Nous pensons souvent que l’évolution prend des milliers d’années. Mais dans de rares cas où les humains ont un impact sur de petites populations, l’adaptation peut se faire beaucoup plus rapidement. Prenez le cas de l’éléphant sans défenses.
Presque tous les éléphants mâles et la plupart des femelles ont des défenses. Celles-ci ne sont que des incisives latérales allongées qui poussent vers l’extérieur une fois que l’éléphant a perdu ses dents de lait.
Mais un petit pourcentage d’éléphants naissent sans ces dents et ne développent jamais de défenses.
En 1919, le gouvernement sud-africain a fait venir des chasseurs de trophées au Cap oriental pour exterminer les éléphants qui mangeaient les cultures et piétinaient les fermes.
En 1931, seules huit femelles avaient survécu, et la moitié d’entre elles n’avaient pas de défenses – peut-être parce qu’elles faisaient les trophées les moins attrayants. Au lieu d’une sélection naturelle, il s’agissait d’une sélection humaine.
Heureusement, l’opinion publique a forcé un revirement et une réserve a été créée pour protéger les éléphants.
Les matriarches sans défenses ont eu une progéniture sans défenses, et aujourd’hui, presque toutes les éléphantes du parc sont dépourvues de défenses.
Une chose similaire s’est produite au Mozambique. Pendant une guerre civile de 15 ans, les soldats ont braconné les éléphants pour leur viande afin de nourrir les troupes et pour leur ivoire afin de le vendre pour acheter plus d’armes.
Encore une fois, les éléphants avec des défenses ont été tués, et à la fin de la guerre, la moitié des femelles étaient sans défenses. Alors que la population a rebondi, une grande partie des femelles restent sans défenses.
Mais la pression de la chasse ayant diminué, les experts pensent que la sélection naturelle pourrait à nouveau favoriser les animaux à défenses – et les deux groupes pourraient finir par redevenir à défenses.
Contexte : Les éléphants sans défenses
Synopsis : Les changements évolutifs impliquent généralement de longues périodes de l’histoire de la Terre.
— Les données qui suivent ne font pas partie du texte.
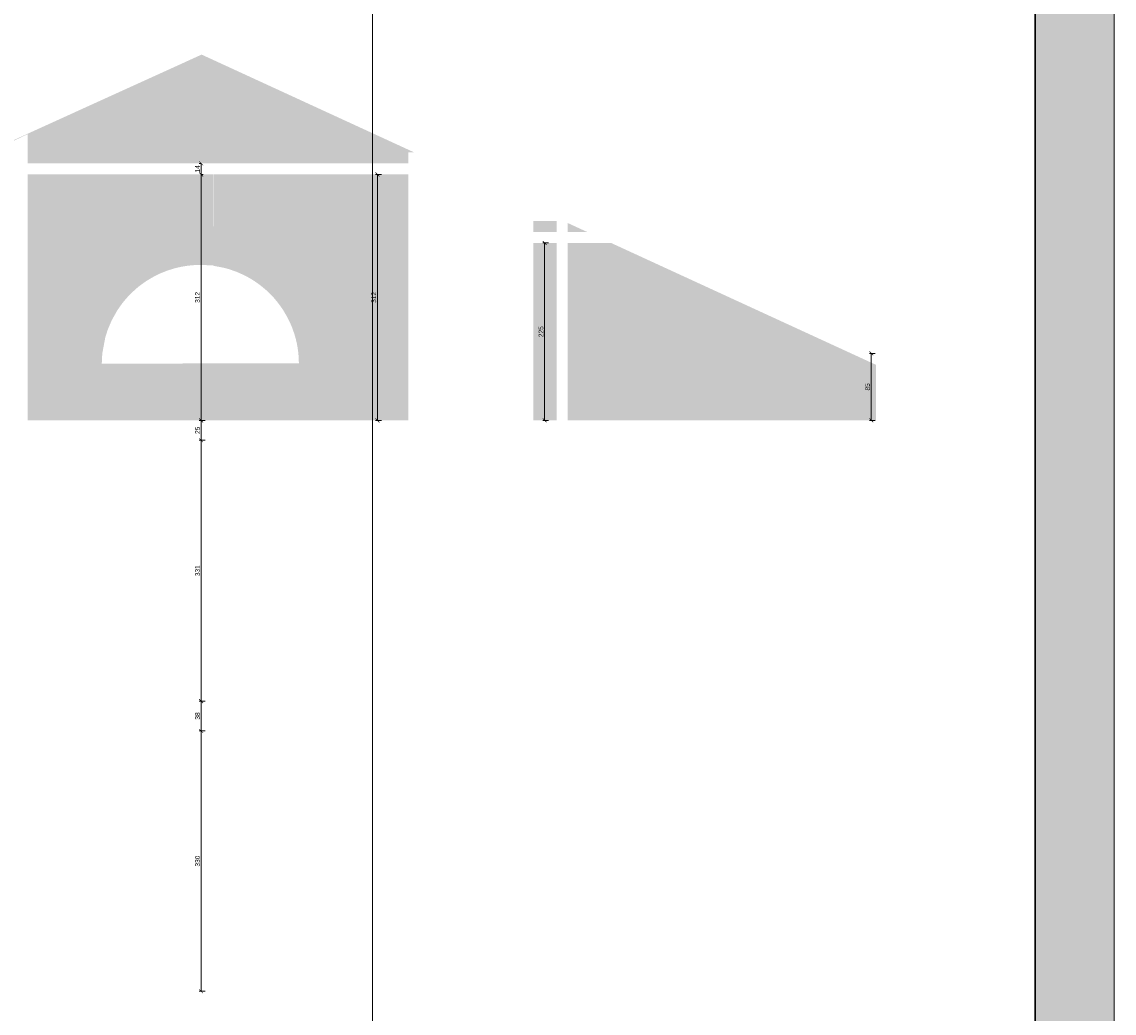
# Model space of a CAD drawing. Header units: millimetres. Extents: x -221 to 149158, y -114258 to 0.
# Tile 64 of 256: x 79454 to 80840, y -45770 to -44512. Entities that reach past the tile are written whole.
import ezdxf

# ---------------------------------------------------------------- set-up
doc = ezdxf.new("R2010")
doc.units = ezdxf.units.MM
doc.layers.get('0').update_dxf_attribs({"lineweight": 0})
doc.layers.add('A-opisram.ART', color=250, linetype='Continuous', lineweight=0)
doc.layers.add('wymiar..KF', color=12, linetype='Continuous', lineweight=5)
doc.layers.add('A-pomocram.ART', color=254, linetype='Continuous', lineweight=0, plot=False)
doc.layers.add('A-przekrycieram.ART', color=7, linetype='Continuous', lineweight=0, true_color=0xffffff)
doc.styles.add('kamil', font='GOTHIC.TTF')
doc.dimstyles.new('50..KF', dxfattribs={"dimscale": 0.5, "dimtxt": 12, "dimasz": 10, "dimexe": 5, "dimexo": 5, "dimgap": 3, "dimtad": 1, "dimdec": 1, "dimrnd": 0.5, "dimtxsty": 'kamil', "dimblk": 'ARCHTICK', "dimcen": 0, "dimclrd": 256, "dimclre": 256, "dimclrt": 256, "dimadec": 0, "dimazin": 0, "dimtfac": 1, "dimtdec": 1, "dimtofl": 0, "dimtmove": 0, "dimatfit": 3, "dimfxl": 10, "dimfxlon": 1, "dimlwd": 0, "dimlwe": 0, "dimarcsym": 0})

# ---------------------------------------------------------------- blocks, each defined once
blk = doc.blocks.new('_ArchTick')
at = {"color": 0, "linetype": 'ByBlock', "const_width": 0.15}
blk.add_lwpolyline([(-0.5, -0.5), (0.5, 0.5)], dxfattribs=at)
blk = doc.blocks.new('*D1186')
at = {"layer": 'Defpoints', "color": 0, "lineweight": 40, "transparency": 16777216}
for p in [(80531.7, -44932.8), (80539, -44932.8), (80539, -45017.8)]:
    blk.add_point(p, dxfattribs=at)
at = {"layer": 'wymiar..KF', "linetype": 'Continuous', "lineweight": 0, "transparency": 16777216}
for p, q in [((80536.5, -44932.8), (80529.2, -44932.8)), ((80531.7, -45017.8), (80531.7, -44932.8)), ((80536.5, -45017.8), (80529.2, -45017.8))]:
    blk.add_line(p, q, dxfattribs=at)
at = {"layer": 'wymiar..KF', "lineweight": 0, "transparency": 16777216, "xscale": 5, "yscale": 5, "zscale": 5}
for p, rotation in [((80531.7, -44932.8), 90), ((80531.7, -45017.8), 270)]:
    blk.add_blockref('_ArchTick', p, dxfattribs=dict(at, rotation=rotation))
at = {"layer": 'wymiar..KF', "transparency": 16777216, "insert": (80527, -44975.3), "char_height": 6, "attachment_point": 5, "rotation": 90, "style": 'kamil'}
blk.add_mtext('85', dxfattribs=at)
blk = doc.blocks.new('*D1187')
at = {"layer": 'Defpoints', "color": 0, "lineweight": 40, "transparency": 16777216}
for p in [(80117.4, -44792.8), (80132.7, -44792.8), (80132.7, -45017.8)]:
    blk.add_point(p, dxfattribs=at)
at = {"layer": 'wymiar..KF', "linetype": 'Continuous', "lineweight": 0, "transparency": 16777216}
for p, q in [((80122.4, -44792.8), (80114.9, -44792.8)), ((80117.4, -45017.8), (80117.4, -44792.8)), ((80122.4, -45017.8), (80114.9, -45017.8))]:
    blk.add_line(p, q, dxfattribs=at)
at = {"layer": 'wymiar..KF', "lineweight": 0, "transparency": 16777216, "xscale": 5, "yscale": 5, "zscale": 5}
for p, rotation in [((80117.4, -44792.8), 90), ((80117.4, -45017.8), 270)]:
    blk.add_blockref('_ArchTick', p, dxfattribs=dict(at, rotation=rotation))
at = {"layer": 'wymiar..KF', "transparency": 16777216, "insert": (80112.8, -44905.3), "char_height": 6, "attachment_point": 5, "rotation": 90, "style": 'kamil'}
blk.add_mtext('225', dxfattribs=at)
blk = doc.blocks.new('*D1188')
at = {"layer": 'Defpoints', "color": 0, "lineweight": 40, "transparency": 16777216}
for p in [(79681.7, -45411.7), (79710, -45411.7), (79710, -45741.8)]:
    blk.add_point(p, dxfattribs=at)
at = {"layer": 'wymiar..KF', "linetype": 'Continuous', "lineweight": 0, "transparency": 16777216}
for p, q in [((79686.7, -45411.7), (79679.2, -45411.7)), ((79681.7, -45741.8), (79681.7, -45411.7)), ((79686.7, -45741.8), (79679.2, -45741.8))]:
    blk.add_line(p, q, dxfattribs=at)
at = {"layer": 'wymiar..KF', "lineweight": 0, "transparency": 16777216, "xscale": 5, "yscale": 5, "zscale": 5}
for p, rotation in [((79681.7, -45411.7), 90), ((79681.7, -45741.8), 270)]:
    blk.add_blockref('_ArchTick', p, dxfattribs=dict(at, rotation=rotation))
at = {"layer": 'wymiar..KF', "transparency": 16777216, "insert": (79677.1, -45576.7), "char_height": 6, "attachment_point": 5, "rotation": 90, "style": 'kamil'}
blk.add_mtext('330', dxfattribs=at)
blk = doc.blocks.new('*D1189')
at = {"layer": 'Defpoints', "color": 0, "lineweight": 40, "transparency": 16777216}
for p in [(79681.7, -45373.8), (79710, -45373.8), (79710, -45411.7)]:
    blk.add_point(p, dxfattribs=at)
at = {"layer": 'wymiar..KF', "linetype": 'Continuous', "lineweight": 0, "transparency": 16777216}
for p, q in [((79686.7, -45373.8), (79679.2, -45373.8)), ((79681.7, -45411.7), (79681.7, -45373.8)), ((79686.7, -45411.7), (79679.2, -45411.7))]:
    blk.add_line(p, q, dxfattribs=at)
at = {"layer": 'wymiar..KF', "lineweight": 0, "transparency": 16777216, "xscale": 5, "yscale": 5, "zscale": 5}
for p, rotation in [((79681.7, -45373.8), 90), ((79681.7, -45411.7), 270)]:
    blk.add_blockref('_ArchTick', p, dxfattribs=dict(at, rotation=rotation))
at = {"layer": 'wymiar..KF', "transparency": 16777216, "insert": (79677.1, -45392.7), "char_height": 6, "attachment_point": 5, "rotation": 90, "style": 'kamil'}
blk.add_mtext('38', dxfattribs=at)
blk = doc.blocks.new('*D1190')
at = {"layer": 'Defpoints', "color": 0, "lineweight": 40, "transparency": 16777216}
for p in [(79681.7, -45043), (79710, -45043), (79710, -45373.8)]:
    blk.add_point(p, dxfattribs=at)
at = {"layer": 'wymiar..KF', "linetype": 'Continuous', "lineweight": 0, "transparency": 16777216}
for p, q in [((79686.7, -45043), (79679.2, -45043)), ((79681.7, -45373.8), (79681.7, -45043)), ((79686.7, -45373.8), (79679.2, -45373.8))]:
    blk.add_line(p, q, dxfattribs=at)
at = {"layer": 'wymiar..KF', "lineweight": 0, "transparency": 16777216, "xscale": 5, "yscale": 5, "zscale": 5}
for p, rotation in [((79681.7, -45043), 90), ((79681.7, -45373.8), 270)]:
    blk.add_blockref('_ArchTick', p, dxfattribs=dict(at, rotation=rotation))
at = {"layer": 'wymiar..KF', "transparency": 16777216, "insert": (79677.1, -45208.4), "char_height": 6, "attachment_point": 5, "rotation": 90, "style": 'kamil'}
blk.add_mtext('331', dxfattribs=at)
blk = doc.blocks.new('*D1191')
at = {"layer": 'Defpoints', "color": 0, "lineweight": 40, "transparency": 16777216}
for p in [(79681.7, -45017.8), (79703, -45017.8), (79710, -45043)]:
    blk.add_point(p, dxfattribs=at)
at = {"layer": 'wymiar..KF', "linetype": 'Continuous', "lineweight": 0, "transparency": 16777216}
for p, q in [((79686.7, -45017.8), (79679.2, -45017.8)), ((79681.7, -45043), (79681.7, -45017.8)), ((79686.7, -45043), (79679.2, -45043))]:
    blk.add_line(p, q, dxfattribs=at)
at = {"layer": 'wymiar..KF', "lineweight": 0, "transparency": 16777216, "xscale": 5, "yscale": 5, "zscale": 5}
for p, rotation in [((79681.7, -45017.8), 90), ((79681.7, -45043), 270)]:
    blk.add_blockref('_ArchTick', p, dxfattribs=dict(at, rotation=rotation))
at = {"layer": 'wymiar..KF', "transparency": 16777216, "insert": (79677.1, -45030.4), "char_height": 6, "attachment_point": 5, "rotation": 90, "style": 'kamil'}
blk.add_mtext('25', dxfattribs=at)
blk = doc.blocks.new('*D1217')
at = {"layer": 'Defpoints', "color": 0, "transparency": 16777216}
for p in [(78558.3, -44777.8), (78583, -44777.8), (79944.7, -45017.8)]:
    blk.add_point(p, dxfattribs=at)
at = {"layer": 'wymiar..KF', "linetype": 'Continuous', "lineweight": 0, "transparency": 16777216}
for p, q in [((78563.3, -44777.8), (78555.8, -44777.8)), ((78558.3, -45017.8), (78558.3, -44777.8)), ((78563.3, -45017.8), (78555.8, -45017.8))]:
    blk.add_line(p, q, dxfattribs=at)
at = {"layer": 'wymiar..KF', "lineweight": 0, "transparency": 16777216, "xscale": 5, "yscale": 5, "zscale": 5}
for p, rotation in [((78558.3, -44777.8), 90), ((78558.3, -45017.8), 270)]:
    blk.add_blockref('_ArchTick', p, dxfattribs=dict(at, rotation=rotation))
at = {"layer": 'wymiar..KF', "transparency": 16777216, "insert": (78553.6, -44897.8), "char_height": 6, "attachment_point": 5, "rotation": 90, "style": 'kamil'}
blk.add_mtext('240', dxfattribs=at)
blk = doc.blocks.new('*D1197')
at = {"layer": 'Defpoints', "color": 0, "linetype": 'ByBlock', "lineweight": 40, "transparency": 16777216}
for p in [(79905.3, -44705.8), (79944.7, -44705.8), (79944.7, -45017.8)]:
    blk.add_point(p, dxfattribs=at)
at = {"layer": 'wymiar..KF', "linetype": 'Continuous', "lineweight": 0, "transparency": 16777216}
for p, q in [((79910.3, -44705.8), (79902.8, -44705.8)), ((79905.3, -45017.8), (79905.3, -44705.8)), ((79910.3, -45017.8), (79902.8, -45017.8))]:
    blk.add_line(p, q, dxfattribs=at)
at = {"layer": 'wymiar..KF', "linetype": 'ByBlock', "lineweight": 0, "transparency": 16777216, "xscale": 5, "yscale": 5, "zscale": 5}
for p, rotation in [((79905.3, -44705.8), 90), ((79905.3, -45017.8), 270)]:
    blk.add_blockref('_ArchTick', p, dxfattribs=dict(at, rotation=rotation))
at = {"layer": 'wymiar..KF', "linetype": 'ByBlock', "transparency": 16777216, "insert": (79900.7, -44861.8), "char_height": 6, "attachment_point": 5, "rotation": 90, "style": 'kamil'}
blk.add_mtext('312', dxfattribs=at)
blk = doc.blocks.new('*D1198')
at = {"layer": 'Defpoints', "color": 0, "linetype": 'ByBlock', "lineweight": 40, "transparency": 16777216}
for p in [(79681.7, -44705.8), (79681.7, -44705.8), (79681.6, -45017.8)]:
    blk.add_point(p, dxfattribs=at)
at = {"layer": 'wymiar..KF', "linetype": 'Continuous', "lineweight": 0, "transparency": 16777216}
for p, q in [((79681.7, -44705.8), (79684.2, -44705.8)), ((79681.7, -45017.8), (79681.7, -44705.8)), ((79681.7, -45017.8), (79684.2, -45017.8))]:
    blk.add_line(p, q, dxfattribs=at)
at = {"layer": 'wymiar..KF', "linetype": 'ByBlock', "lineweight": 0, "transparency": 16777216, "xscale": 5, "yscale": 5, "zscale": 5}
for p, rotation in [((79681.7, -44705.8), 90), ((79681.7, -45017.8), 270)]:
    blk.add_blockref('_ArchTick', p, dxfattribs=dict(at, rotation=rotation))
at = {"layer": 'wymiar..KF', "linetype": 'ByBlock', "transparency": 16777216, "insert": (79677.1, -44861.8), "char_height": 6, "attachment_point": 5, "rotation": 90, "style": 'kamil'}
blk.add_mtext('312', dxfattribs=at)
blk = doc.blocks.new('*D1199')
at = {"layer": 'Defpoints', "color": 0, "linetype": 'ByBlock', "lineweight": 40, "transparency": 16777216}
for p in [(79681.7, -44691.8), (79682.3, -44691.8), (79681.7, -44705.8)]:
    blk.add_point(p, dxfattribs=at)
at = {"layer": 'wymiar..KF', "linetype": 'Continuous', "lineweight": 0, "transparency": 16777216}
for p, q in [((79681.7, -44691.8), (79679.2, -44691.8)), ((79681.7, -44705.8), (79681.7, -44691.8)), ((79681.7, -44705.8), (79684.2, -44705.8))]:
    blk.add_line(p, q, dxfattribs=at)
at = {"layer": 'wymiar..KF', "linetype": 'ByBlock', "lineweight": 0, "transparency": 16777216, "xscale": 5, "yscale": 5, "zscale": 5}
for p, rotation in [((79681.7, -44691.8), 90), ((79681.7, -44705.8), 270)]:
    blk.add_blockref('_ArchTick', p, dxfattribs=dict(at, rotation=rotation))
at = {"layer": 'wymiar..KF', "linetype": 'ByBlock', "transparency": 16777216, "insert": (79677.1, -44698.8), "char_height": 6, "attachment_point": 5, "rotation": 90, "style": 'kamil'}
blk.add_mtext('14', dxfattribs=at)
blk = doc.blocks.new('*U1697')
at = {"layer": 'A-przekrycieram.ART'}
h = blk.add_hatch(color=256, dxfattribs=at)
h.dxf.hatch_style = 1
h.paths.add_polyline_path([(0, 2970), (4200, 2970), (4200, 0), (0, 0)])
h.paths.add_polyline_path([(200, 2870), (4100, 2870), (4100, 100), (200, 100)], flags=16)
at = {"layer": 'A-opisram.ART'}
blk.add_line((3259.44, 100), (3259.44, 2870), dxfattribs=at)
at = {"layer": 'A-opisram.ART', "lineweight": 30}
blk.add_lwpolyline([(200, 2870), (4100, 2870), (4100, 100), (200, 100)], close=True, dxfattribs=at)
at = {"layer": 'A-pomocram.ART'}
blk.add_lwpolyline([(0, 2970), (4200, 2970), (4200, 0), (0, 0)], close=True, dxfattribs=at)

msp = doc.modelspace()

# ---------------------------------------------------------------- hatches: boundary and pattern name
at = {"layer": 'wymiar..KF', "linetype": 'ByBlock', "true_color": 0xe8e8e8}
h = msp.add_hatch(dxfattribs=at)
h.set_pattern_fill('AR-B816', color=254, scale=0.06)
h.set_pattern_definition([(0, (0, 30.917), (0, 12.192), []), (90, (0, 30.917), (-12.192, 12.192), [12.192, -12.192])])
h.paths.add_polyline_path([(79204.7, -44792.79), (79204.7, -45017.79), (79216.71, -45017.79), (79216.71, -44792.79)], flags=17)
h.paths.add_polyline_path([(79204.7, -44773.02), (79204.7, -44778.79), (79216.71, -44778.79), (79216.71, -44767.5)], flags=17)
h.paths.add_polyline_path([(79230.71, -44792.79), (79230.71, -45017.79), (79311.7, -45017.79), (79311.7, -44792.79)], flags=17)
h.paths.add_polyline_path([(79388.7, -44778.79), (79404.71, -44778.79), (79404.71, -44705.79), (79388.7, -44705.79)], flags=17)
h.paths.add_polyline_path([(79388.7, -45017.79), (79404.71, -45017.79), (79404.71, -44792.79), (79388.7, -44792.79)], flags=17)
h.paths.add_polyline_path([(79461.7, -44705.79), (79461.7, -45017.79), (79944.71, -45017.79), (79944.64, -44705.79), (79697.53, -44705.79), (79697.31, -44821.73), (79711.02, -44824.35), (79717.92, -44826.29), (79727.04, -44829.52), (79736.46, -44833.74), (79742.67, -44837.06), (79748.91, -44840.87), (79755.85, -44845.73), (79763.17, -44851.68), (79767.84, -44855.99), (79767.84, -44855.99), (79774.13, -44862.57), (79779.08, -44868.51), (79785.05, -44876.79), (79790.9, -44886.62), (79794.12, -44893.06), (79796.53, -44898.62), (79799.75, -44907.5), (79801.89, -44914.96), (79802.97, -44919.6), (79804.05, -44925.38), (79804.88, -44931.31), (79805.47, -44938), (79805.7, -44945.45), (79555.7, -44945.79), (79556.34, -44933.04), (79560.19, -44912.44), (79563.21, -44902.96), (79568.35, -44890.83), (79575.48, -44878.14), (79581.57, -44869.48), (79586.41, -44863.56), (79592.11, -44857.44), (79599.8, -44850.33), (79603.94, -44846.97), (79612.57, -44840.82), (79621.89, -44835.32), (79629.38, -44831.64), (79638.84, -44827.84), (79648.71, -44824.78), (79655.63, -44823.16), (79664.27, -44821.7), (79670.33, -44821.05), (79676.61, -44820.69), (79685.69, -44820.72), (79693.24, -44821.25), (79697.31, -44821.26), (79697.31, -44705.79)], flags=17)
h.paths.add_polyline_path([(80103.2, -45017.79), (80132.71, -45017.79), (80132.71, -44792.79), (80103.2, -44792.79)])
h.paths.add_polyline_path([(80103.2, -44778.79), (80132.71, -44778.79), (80132.71, -44764.8), (80103.2, -44764.79)])
h.paths.add_polyline_path([(80146.71, -44767.5), (80146.71, -44778.79), (80171.26, -44778.79)])
h.paths.add_polyline_path([(80146.71, -45017.79), (80536.47, -45017.79), (80537.72, -45017.79), (80537.71, -44947.37), (80201.7, -44792.79), (80146.71, -44792.79)])
edge = h.paths.add_edge_path()
edge.add_line((78825.72, -44947.36), (78825.71, -45017.8))
edge.add_line((78825.71, -45017.8), (79092.7, -45017.8))
edge.add_line((79092.7, -45017.8), (79092.7, -44824.54))
edge.add_line((79092.7, -44824.54), (78825.71, -44947.33))
edge.add_line((79230.71, -44764.79), (79230.71, -44778.79))
edge.add_line((79230.71, -44778.79), (79311.7, -44778.79))
edge.add_line((79311.7, -44778.79), (79312.72, -44725.36))
edge.add_line((79312.72, -44725.36), (79255.97, -44750.79))
edge.add_line((79255.97, -44750.79), (79281.23, -44750.79))
edge.add_line((79281.23, -44750.79), (79281.23, -44764.79))
edge.add_line((79281.23, -44764.79), (79230.71, -44764.8))
edge.add_line((79461.7, -44654.79), (79461.7, -44691.79))
edge.add_line((79461.7, -44691.79), (79944.71, -44691.79))
edge.add_line((79944.71, -44691.79), (79944.71, -44677.79))
edge.add_line((79944.71, -44677.79), (79951.71, -44677.79))
edge.add_line((79951.71, -44677.79), (79682.34, -44553.87))
edge.add_line((79682.34, -44553.87), (79461.7, -44654.22))

# ---------------------------------------------------------------- block references
msp.add_blockref('*U1697', (76639.68, -46666.02))

# ---------------------------------------------------------------- dimensions: what is measured, and where the dimension line sits
at = {"layer": 'wymiar..KF', "linetype": 'ByBlock'}
for base, p1, p2, picture, middle in [((79681.71, -44691.79), (79681.71, -44705.79), (79682.34, -44691.79), '*D1199', (79677.14, -44698.79)), ((79681.71, -44705.79), (79681.64, -45017.79), (79681.71, -44705.79), '*D1198', (79677.06, -44861.79)), ((79905.34, -44705.79), (79944.71, -45017.79), (79944.71, -44705.79), '*D1197', (79900.69, -44861.79))]:
    dim = msp.add_linear_dim(base=base, p1=p1, p2=p2, angle=90, dimstyle='50..KF', override={"dimtmove": 1}, dxfattribs=at)
    dim.commit()
    dim.dimension.update_dxf_attribs({"geometry": picture, "text_midpoint": middle})
at = {"layer": 'wymiar..KF'}
for base, p1, p2, picture, middle in [((78558.27, -44777.79), (79944.71, -45017.79), (78582.96, -44777.79), '*D1217', (78553.62, -44897.79)), ((80117.44, -44792.79), (80132.71, -45017.79), (80132.71, -44792.79), '*D1187', (80112.79, -44905.29)), ((80531.66, -44932.79), (80538.97, -45017.79), (80538.97, -44932.79), '*D1186', (80527.01, -44975.29))]:
    dim = msp.add_linear_dim(base=base, p1=p1, p2=p2, angle=90, dimstyle='50..KF', dxfattribs=at)
    dim.commit()
    dim.dimension.update_dxf_attribs({"geometry": picture, "text_midpoint": middle})
for base, p1, p2, picture, middle in [((79681.71, -45017.79), (79710, -45043.02), (79703, -45017.79), '*D1191', (79677.06, -45030.4)), ((79681.71, -45043.02), (79710, -45373.79), (79710, -45043.02), '*D1190', (79677.06, -45208.4)), ((79681.71, -45373.79), (79710, -45411.69), (79710, -45373.79), '*D1189', (79677.06, -45392.74)), ((79681.71, -45411.69), (79710, -45741.79), (79710, -45411.69), '*D1188', (79677.06, -45576.74))]:
    dim = msp.add_linear_dim(base=base, p1=p1, p2=p2, angle=90, dimstyle='50..KF', override={"dimtmove": 1}, dxfattribs=at)
    dim.commit()
    dim.dimension.update_dxf_attribs({"geometry": picture, "text_midpoint": middle})

doc.saveas('drawing.dxf')

Mais dans certains cas, l’évolution peut être décalée ou accélérée par l’intervention humaine dans le monde naturel. L’activité humaine a-t-elle modifié le chemin de l’évolution de certains éléphants géants d’Afrique ?
- Les défenses des éléphants sont des incisives latérales, situées de part et d’autre de leurs deux dents de devant.
- Les défenses commencent à pousser après que les éléphanteaux ont perdu leurs dents primaires au cours de la première année de leur vie. Les défenses continuent de s’allonger et de s’épaissir tout au long de leur vie.
- La plus longue défense d’éléphant d’Afrique jamais enregistrée mesurait 11,5 pieds (3,5 m) de long.
- Les défenses des mâles pèsent jusqu’à sept fois celles des femelles du même âge. La défense la plus lourde enregistrée pesait près de 120 kg (265 lbs) !
Les éléphants ont tendance à favoriser une défense – la défense maîtresse – par rapport à l’autre, un peu comme s’ils étaient droitiers ou gauchers. Avec l’utilisation supplémentaire, la défense maîtresse développe une rainure au fil du temps.
- Les défenses commencent à pousser après que les éléphanteaux ont perdu leurs dents primaires au cours de la première année de leur vie. Les défenses continuent de s’allonger et de s’épaissir tout au long de leur vie.
- Les éléphants utilisent les défenses comme outils pour chercher de la nourriture, creuser, casser des branches, enlever l’écorce et déplacer des objets.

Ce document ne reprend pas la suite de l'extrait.